Publication date: 1 October 2018
Source: Methods, Volume 149
Author(s): Mabel Guzman-Rodriguez, Julie A.K. McDonald, Richard Hyde, Emma Allen-Vercoe, Erika C. Claud, Prameet M. Sheth, Elaine O. Petrof
The study of complex microbial communities has become a major research focus as mounting evidence suggests the pivotal role microbial communities play in host health and disease. Microbial communities of the gastrointestinal tract, known as the gut microbiota, have been implicated in aiding the host with vitamin biosynthesis, regulation of host energy metabolism, immune system development, and resistance to pathogen invasion. Conversely, disruptions of the gut microbiota have been linked to host morbidity, including the development of inflammatory diseases, metabolic disorders, increased cardiovascular risk, and increased risk of infectious diseases. However, studying the gut microbiota in humans and animals is challenging, as many microorganisms are fastidious with unique nutritional or environmental requirements that are often not met using conventional culture techniques.
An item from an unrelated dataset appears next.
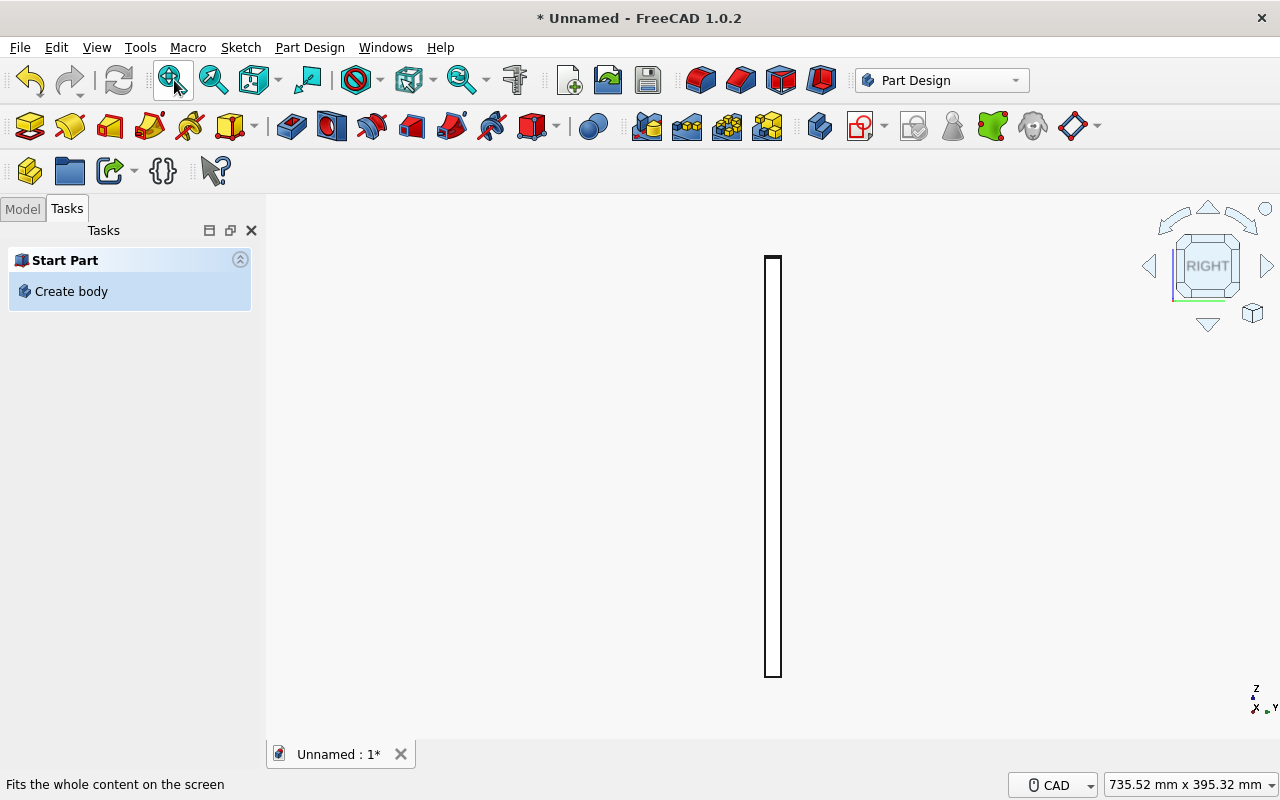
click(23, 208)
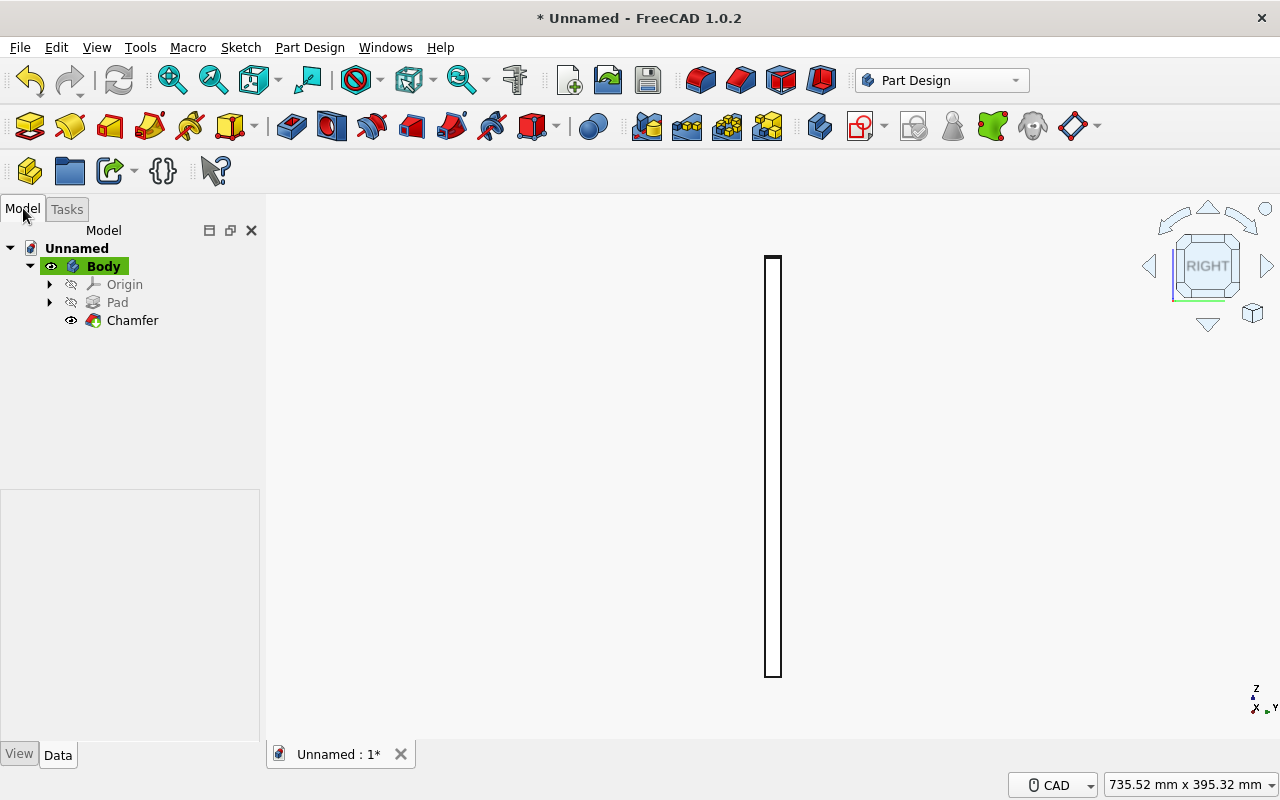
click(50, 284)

Bioreactors provide a unique solution to overcome some of the limitations of conventional culture techniques. Bioreactors have been used to propagate and establish complex microbial communities in vitro by recapitulating the physiological conditions found in the GI tract. These systems further our understanding of microbial physiology and facilitate our understanding of the impact of medications and xenobiotics on microbial communities. Here, we review the versatility and breadth of bioreactor systems that are currently available and how they are being used to study faecal and defined microbial communities. Bioreactors provide a unique opportunity to study complex microbial interactions and perturbations in vitro in a controlled environment without confounding biotic and abiotic variables.